语义角色标记(SRL)用于标识句子中的谓词-实参结构。这项任务通常分四个步骤完成:谓词识别、谓词意义消歧、参数识别和参数分类。在一个步骤中引入的错误会传播到后面的步骤。不幸的是,现有的SRL评估脚本并没有考虑到错误传播方面的全部影响。它们要么独立于谓词意义评估参数(CoNLL09),要么根本不评估谓词意义(CoNLL05),从而在参数分类任务上产生不准确的SRL模型性能。在本文中,我们解决了现有评估脚本的关键实际问题,并提出了一个更严格的SRL评估度量PriMeSRL。我们观察到,使用PriMeSRL后,所有SoTA SRL模型的质量评价都显著下降,其相对排名也发生了变化。我们还展示了primesrl成功地惩罚了SoTA SRL模型中的实际故障。

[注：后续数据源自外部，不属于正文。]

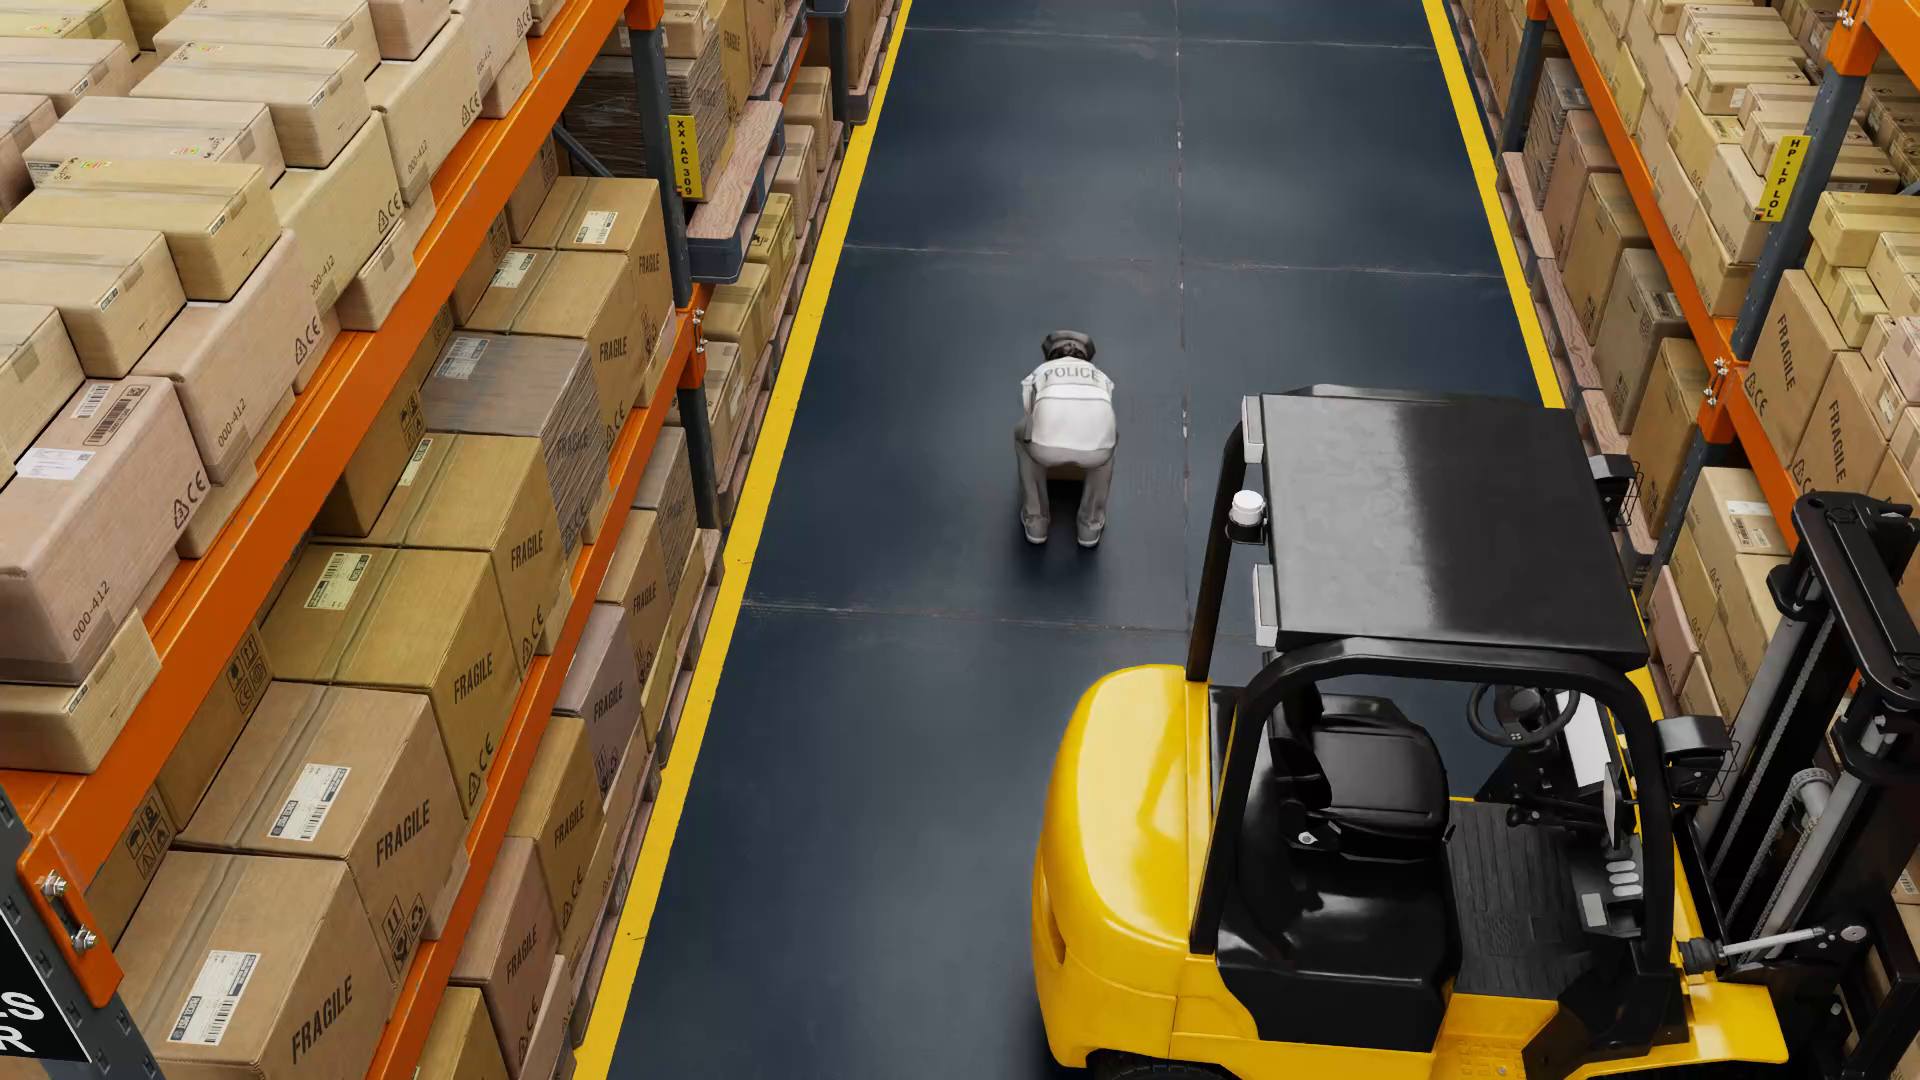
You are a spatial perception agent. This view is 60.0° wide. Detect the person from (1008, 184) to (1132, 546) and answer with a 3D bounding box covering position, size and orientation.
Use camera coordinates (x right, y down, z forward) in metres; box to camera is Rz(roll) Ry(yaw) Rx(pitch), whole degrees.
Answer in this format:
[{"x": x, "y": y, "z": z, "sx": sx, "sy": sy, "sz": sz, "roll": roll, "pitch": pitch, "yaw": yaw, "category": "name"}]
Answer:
[{"x": 0.452, "y": -0.683, "z": 6.947, "sx": 0.502, "sy": 1.680, "sz": 0.385, "roll": 2, "pitch": 40, "yaw": 3, "category": "person"}]
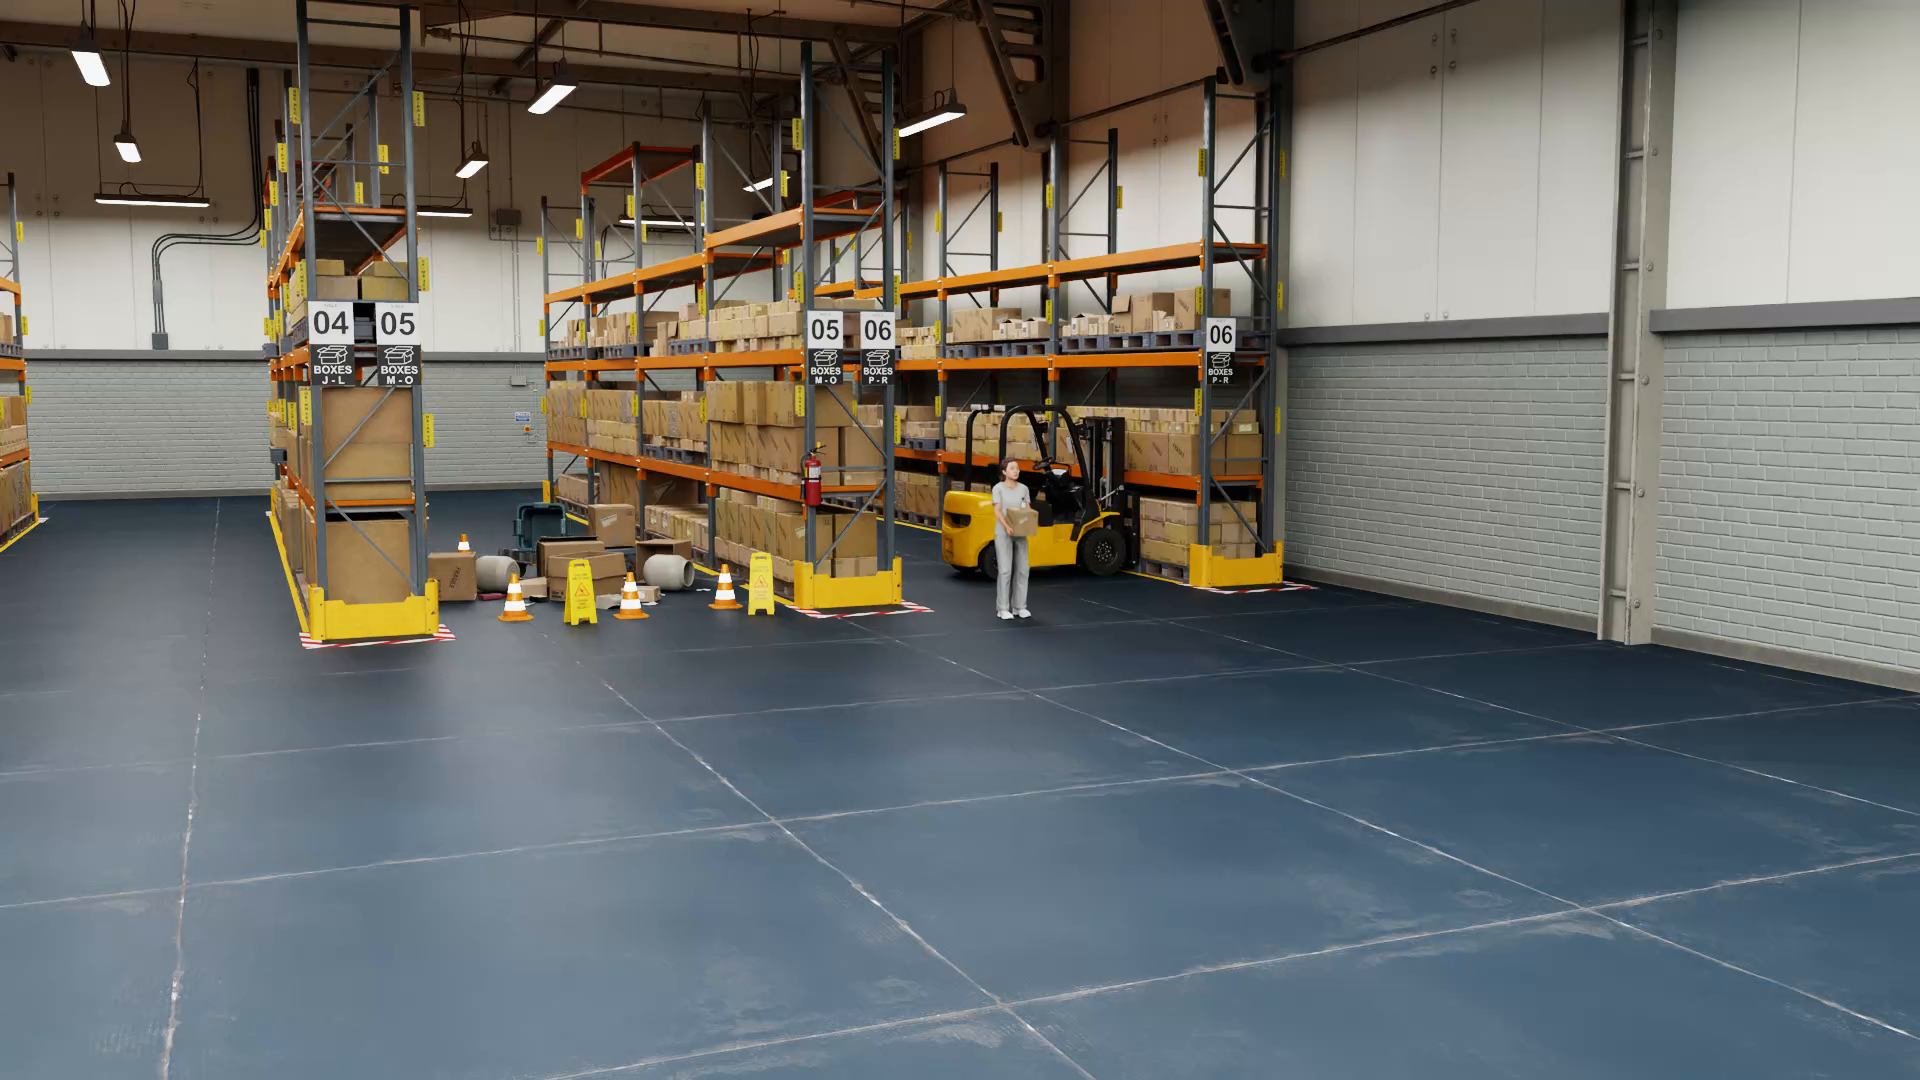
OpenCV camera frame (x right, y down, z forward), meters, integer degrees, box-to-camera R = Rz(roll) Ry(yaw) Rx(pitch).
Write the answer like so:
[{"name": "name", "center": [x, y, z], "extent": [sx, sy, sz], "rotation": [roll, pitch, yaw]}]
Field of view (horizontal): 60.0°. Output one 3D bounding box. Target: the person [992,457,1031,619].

本文章由计算机程序翻译,如有差异,请以英文原文为准。
查看原文
分享 分享
微信好友 朋友圈 QQ好友 复制链接
本刊更多论文
PriMeSRL-Eval: A Practical Quality Metric for Semantic Role Labeling Systems Evaluation
Semantic role labeling (SRL) identifies the predicate-argument structure in a sentence. This task is usually accomplished in four steps: predicate identification, predicate sense disambiguation, argument identification, and argument classification. Errors introduced at one step propagate to later steps. Unfortunately, the existing SRL evaluation scripts do not consider the full effect of this error propagation aspect. They either evaluate arguments independent of predicate sense (CoNLL09) or do not evaluate predicate sense at all (CoNLL05), yielding an inaccurate SRL model performance on the argument classification task. In this paper, we address key practical issues with existing evaluation scripts and propose a more strict SRL evaluation metric PriMeSRL. We observe that by employing PriMeSRL, the quality evaluation of all SoTA SRL models drops significantly, and their relative rankings also change. We also show that PriMeSRLsuccessfully penalizes actual failures in SoTA SRL models.
求助全文
通过发布文献求助,成功后即可免费获取论文全文。 去求助
来源期刊
自引率
0.00%
发文量
0
审稿时长
4 weeks
期刊最新文献
Exploring Pedestrian Injury Severity by Incorporating Spatial Information in Machine Learning Darkness and Death in the U.S.: Walking Distances Across the Nation by Time of Day and Time of Year Activity Reduction as Resilience Indicator: Evidence with Filomena Data The Lifestyle and Mobility Connection of Community Supported Agriculture (CSA) Users Transit Fleet Electrification Barriers, Resolutions and Costs
×
引用
GB/T 7714-2015
复制
MLA
复制
APA
复制
导出至
BibTeX EndNote RefMan NoteFirst NoteExpress
×
×
提示
您的信息不完整,为了账户安全,请先补充。
现在去补充
×
提示
您因"违规操作"
具体请查看互助需知
我知道了
×
提示
现在去查看 取消
×
提示
确定
0
微信
客服QQ
Book学术公众号 扫码关注我们
反馈
×
意见反馈
请填写您的意见或建议
请填写您的手机或邮箱
已复制链接
已复制链接
快去分享给好友吧!
我知道了
×
扫码分享
扫码分享
Book学术官方微信
Book学术文献互助
Book学术文献互助群
群 号:481959085
Book学术
文献互助 智能选刊 最新文献 互助须知 联系我们:info@booksci.cn
Book学术提供免费学术资源搜索服务,方便国内外学者检索中英文文献。致力于提供最便捷和优质的服务体验。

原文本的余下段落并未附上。